> _REQUIRED ACTION_: In the entries below, find the line with "in this license." and print exactly every line from there up to and including the line with "switch integrated circuit.</code>", with no other lines.

> _GIVEN DATA_:
------------------------

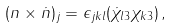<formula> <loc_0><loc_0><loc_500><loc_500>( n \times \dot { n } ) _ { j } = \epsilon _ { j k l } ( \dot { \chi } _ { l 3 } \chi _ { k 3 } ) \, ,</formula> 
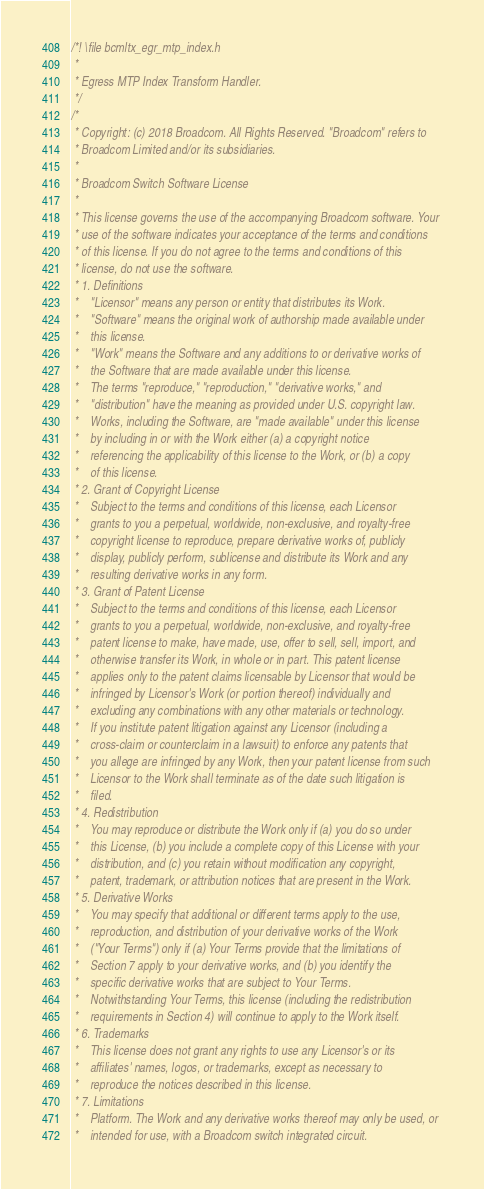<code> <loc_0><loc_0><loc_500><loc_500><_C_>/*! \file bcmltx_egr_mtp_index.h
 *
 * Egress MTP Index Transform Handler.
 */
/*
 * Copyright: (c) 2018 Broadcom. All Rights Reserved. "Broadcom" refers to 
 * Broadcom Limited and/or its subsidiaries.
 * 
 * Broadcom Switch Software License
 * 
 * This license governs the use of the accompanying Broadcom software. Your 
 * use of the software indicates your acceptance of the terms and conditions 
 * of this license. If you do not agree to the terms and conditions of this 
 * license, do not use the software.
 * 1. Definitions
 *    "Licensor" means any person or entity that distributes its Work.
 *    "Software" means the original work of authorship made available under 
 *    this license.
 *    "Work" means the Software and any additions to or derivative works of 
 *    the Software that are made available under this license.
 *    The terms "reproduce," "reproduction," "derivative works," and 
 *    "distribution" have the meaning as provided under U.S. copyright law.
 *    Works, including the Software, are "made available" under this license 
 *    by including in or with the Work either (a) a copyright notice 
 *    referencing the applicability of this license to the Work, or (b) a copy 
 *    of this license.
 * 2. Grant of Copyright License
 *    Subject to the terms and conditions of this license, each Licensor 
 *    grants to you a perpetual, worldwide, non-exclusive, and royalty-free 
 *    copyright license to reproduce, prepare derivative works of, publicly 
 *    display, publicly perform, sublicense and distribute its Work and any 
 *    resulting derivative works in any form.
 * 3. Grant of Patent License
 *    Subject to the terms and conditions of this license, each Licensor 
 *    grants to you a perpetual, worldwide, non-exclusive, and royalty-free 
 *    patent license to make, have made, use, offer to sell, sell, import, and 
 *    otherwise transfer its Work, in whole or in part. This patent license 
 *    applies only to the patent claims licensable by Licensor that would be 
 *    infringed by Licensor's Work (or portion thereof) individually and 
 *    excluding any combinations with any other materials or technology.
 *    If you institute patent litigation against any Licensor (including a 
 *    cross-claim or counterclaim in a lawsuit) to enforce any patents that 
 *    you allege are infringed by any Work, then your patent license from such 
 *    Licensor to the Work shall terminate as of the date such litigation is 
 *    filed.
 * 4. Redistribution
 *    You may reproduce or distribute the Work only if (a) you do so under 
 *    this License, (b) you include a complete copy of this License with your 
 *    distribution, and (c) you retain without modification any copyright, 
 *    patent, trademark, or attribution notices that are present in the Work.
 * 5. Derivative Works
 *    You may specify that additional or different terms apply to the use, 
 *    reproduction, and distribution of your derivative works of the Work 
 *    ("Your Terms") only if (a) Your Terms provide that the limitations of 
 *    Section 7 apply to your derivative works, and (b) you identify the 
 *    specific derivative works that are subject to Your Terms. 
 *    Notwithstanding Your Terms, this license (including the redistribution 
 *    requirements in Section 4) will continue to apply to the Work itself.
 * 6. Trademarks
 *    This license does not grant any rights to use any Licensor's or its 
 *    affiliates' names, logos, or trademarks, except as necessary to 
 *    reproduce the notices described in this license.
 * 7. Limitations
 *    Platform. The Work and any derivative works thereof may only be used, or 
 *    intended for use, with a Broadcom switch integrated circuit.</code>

------------------------

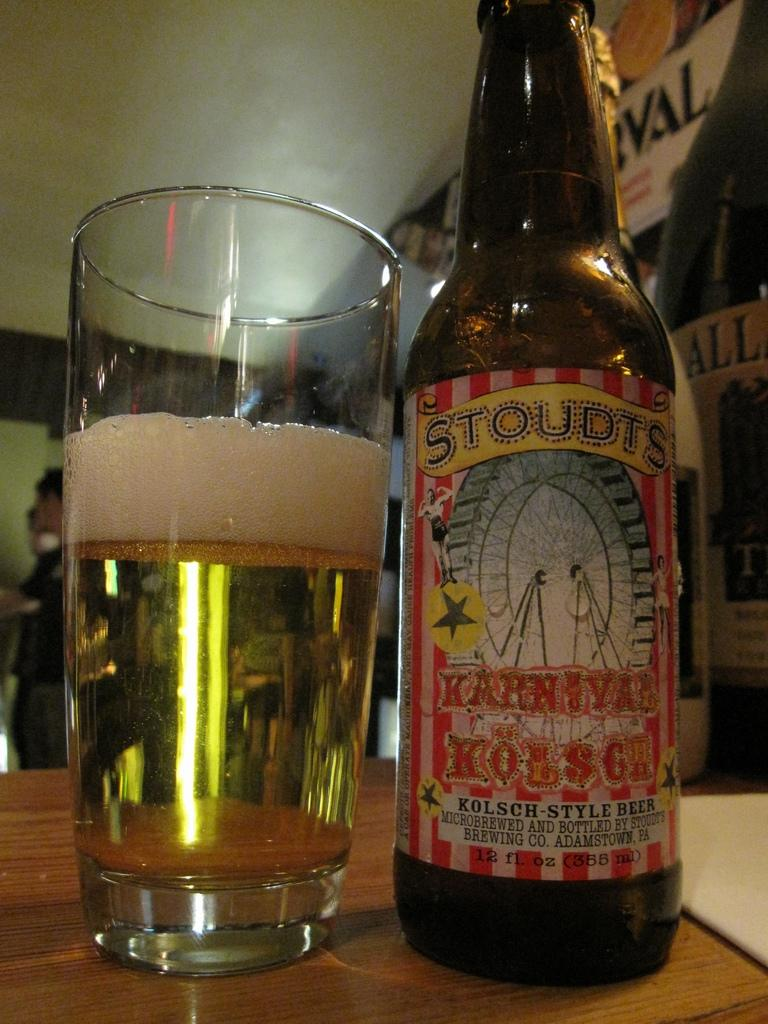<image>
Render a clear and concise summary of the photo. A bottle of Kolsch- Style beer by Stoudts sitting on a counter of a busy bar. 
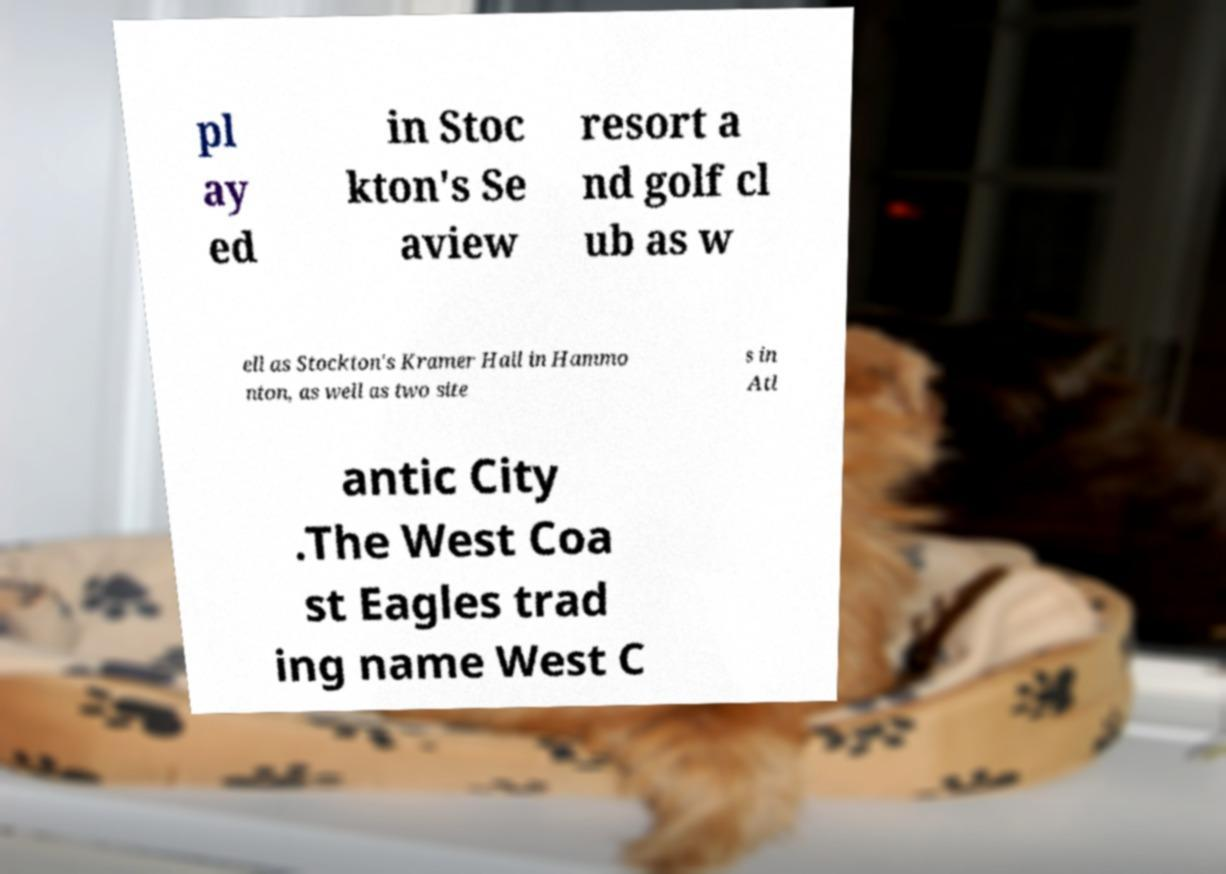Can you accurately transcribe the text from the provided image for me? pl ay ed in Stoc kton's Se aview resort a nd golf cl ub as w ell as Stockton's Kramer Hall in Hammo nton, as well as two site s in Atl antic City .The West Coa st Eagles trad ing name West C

------------------------

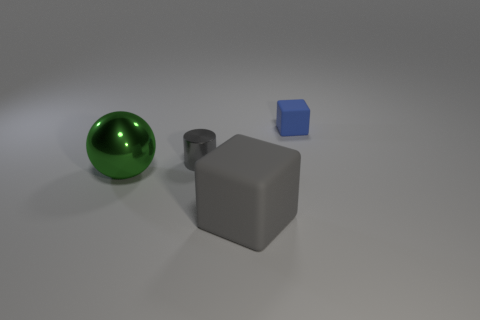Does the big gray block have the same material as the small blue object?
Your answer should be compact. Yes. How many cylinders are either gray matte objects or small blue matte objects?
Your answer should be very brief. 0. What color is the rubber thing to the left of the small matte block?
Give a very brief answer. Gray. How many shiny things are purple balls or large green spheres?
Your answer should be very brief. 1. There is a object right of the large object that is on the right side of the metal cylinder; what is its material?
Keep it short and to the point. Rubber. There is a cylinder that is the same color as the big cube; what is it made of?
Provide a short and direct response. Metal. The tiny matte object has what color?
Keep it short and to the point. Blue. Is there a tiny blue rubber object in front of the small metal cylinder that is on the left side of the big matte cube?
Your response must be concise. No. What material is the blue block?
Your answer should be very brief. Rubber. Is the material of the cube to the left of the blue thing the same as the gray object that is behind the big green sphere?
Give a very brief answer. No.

------------------------

> _COMPLETED TASK_:
 *    reproduce the notices described in this license.
 * 7. Limitations
 *    Platform. The Work and any derivative works thereof may only be used, or 
 *    intended for use, with a Broadcom switch integrated circuit.</code>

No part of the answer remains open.